The greater I was refering to came from the Maumee when I was up on Friday. It was probably a greater, since it came from that river. Are shorthead redhorse now called smallmouth redhorse? If so, you are TRULY nerding it up.


----------



## Mushijobah (May 4, 2004)

Was with Shock and a couple other OGFers on the river again today. Bite was OK. Missed a few due to tiny 1/16oz jig hooks. Ended up getting blasted by a nice 14" smallie. Shock got blasted by something later that night that amazed us both. I was looking over when his rod got thumped. He set the hook, and after an ugly battle between the unknown fish and a 2-piece ugly stick, the line was severed. Woulda liked to see what it was. There have been reports of large toothy critters patrolling the area.


----------



## acklac7 (May 31, 2004)

There are lots of BIG fish out and about right now, unfortunately the Carp are out in droves too. The other day I hooked into something massive, swore up and down it was another 10lb Saugeye...but sure enough it was just a tail-snagged carp. 

Actually had a 7lb carp fair hooked on a husky jerk the other day...That was a 1st 

And it seems like you guys are catching them eye's while the sun is still up?

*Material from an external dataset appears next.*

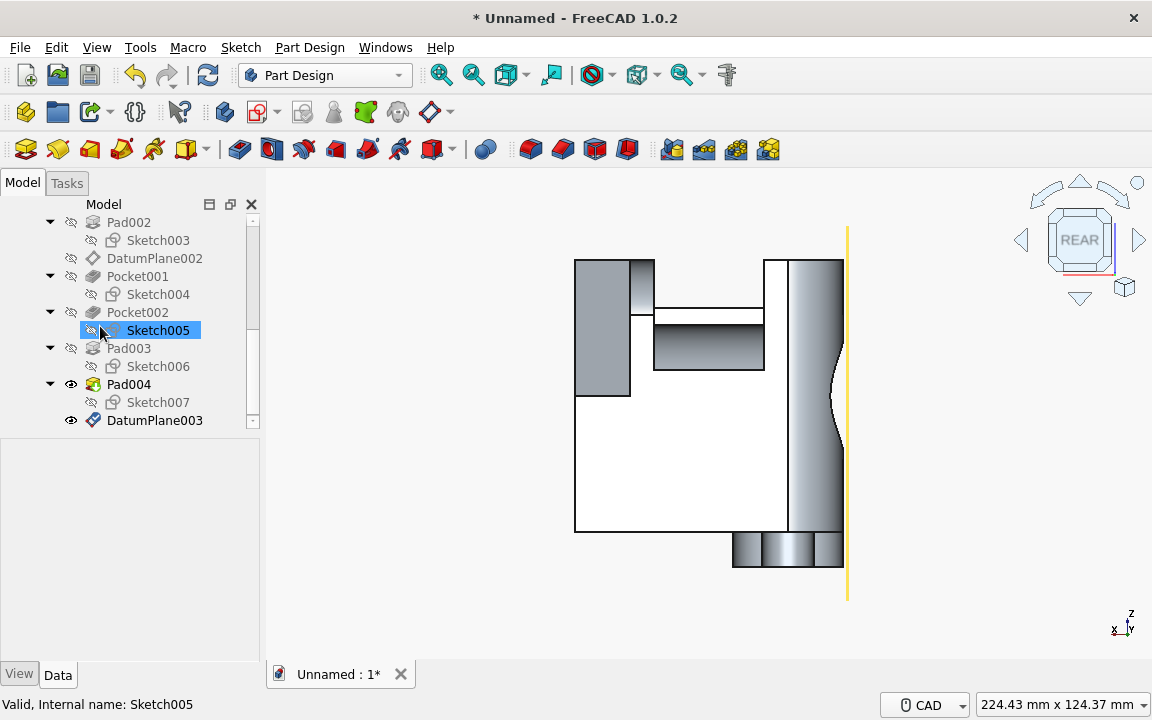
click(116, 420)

The best bite for me has been just before dusk.

P.S. The morphology of the substrate gives away your location


----------



## Mushijobah (May 4, 2004)

This wasn't a snagged fish. Can't rule out the carp though, as it was in heavy current....and Shock is just an amatuer . Yeah, the sun does a lot for this spot. I will not go into further details, lol. And exmay on the substrateay!!!  It shouldn't be too hard to guess where we are fishing if you have read my past posts...I would just rather keep quiet for los lurkers.


----------



## acklac7 (May 31, 2004)

Dont doubt for a minute that it wasn't snagged. Just trying to say that the carp are out and about showing off (topwater)...Sooner or later you will snag one and swear you have a beast gamefish on...


----------



## I_Shock_Em (Jul 20, 2008)

it definately wasn't a carp... my lure was slammed by sumthin big. haven't had somethin that big on in a while.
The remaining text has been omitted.